Smart Contract Wallets
ERC-4337's primary user-facing component is the smart account (or smart contract wallet). Unlike Externally Owned Accounts (EOAs), these accounts are programmable, enabling features like:
- Social recovery and multi-signature security.
- Session keys for limited permissions.
- Batch transactions executed atomically.
- Gas abstraction via paymasters. Examples include Safe{Wallet}, ZeroDev, and Biconomy Smart Accounts.
Alternative Mempool
ERC-4337 introduces a new UserOperation mempool, separate from the standard Ethereum transaction mempool. This dedicated space is for pending user intents, which are objects containing the transaction details, signature, and gas parameters for a smart account. Bundlers monitor this mempool, competing to include UserOperations in the next block based on fee incentives.
Developer SDKs & Tooling
Rapid adoption is driven by comprehensive developer tooling that abstracts the protocol's complexity.
- Account Abstraction SDKs: Libraries like ZeroDev, Biconomy, and Alchemy's Account Kit provide APIs to create, manage, and interact with smart accounts.

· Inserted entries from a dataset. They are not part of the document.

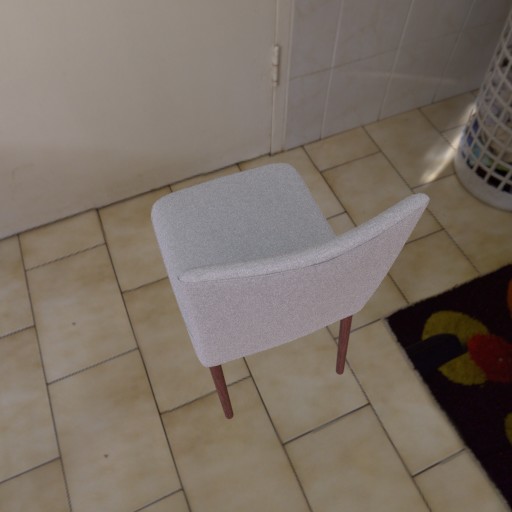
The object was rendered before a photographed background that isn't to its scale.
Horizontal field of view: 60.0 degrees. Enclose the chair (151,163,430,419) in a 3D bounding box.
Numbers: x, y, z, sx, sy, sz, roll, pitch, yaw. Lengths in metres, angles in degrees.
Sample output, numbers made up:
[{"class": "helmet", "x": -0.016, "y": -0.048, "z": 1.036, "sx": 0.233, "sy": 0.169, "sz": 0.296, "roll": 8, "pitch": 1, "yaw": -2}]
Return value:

- Bundler & Paymaster APIs: Services like Stackup, Pimlico, and Alchemy offer hosted bundler infrastructure and paymaster services, allowing developers to integrate ERC-4337 without running their own nodes.
Cross-Chain & L2 Expansion
ERC-4337 is becoming the standard for account abstraction across the EVM ecosystem, accelerating adoption on Layer 2 networks. Its protocol-level design allows for:
- Portable user experience: A smart account's logic can be deployed and used identically on Ethereum mainnet, Arbitrum, Optimism, Polygon, and other EVM chains.
- Unified infrastructure: Bundler and paymaster services are being deployed across multiple chains, providing consistent developer and user experiences.
Frequently Asked Questions (FAQ)
Common questions about ERC-4337, the standard for account abstraction without requiring Ethereum consensus-layer changes.
ERC-4337 is an Ethereum standard that introduces account abstraction by creating a higher-layer infrastructure for smart contract wallets, bypassing the need for changes to the core Ethereum protocol. It works by introducing new actors: a UserOperation (a pseudo-transaction object), Bundlers (actors who bundle UserOperations and submit them to the blockchain), and Paymasters (contracts that can sponsor transaction fees). A user signs a UserOperation with their smart contract wallet's logic; a Bundler packages it and pays the gas fee; and the transaction is executed on-chain, enabling features like social recovery, gas sponsorship, and batch transactions.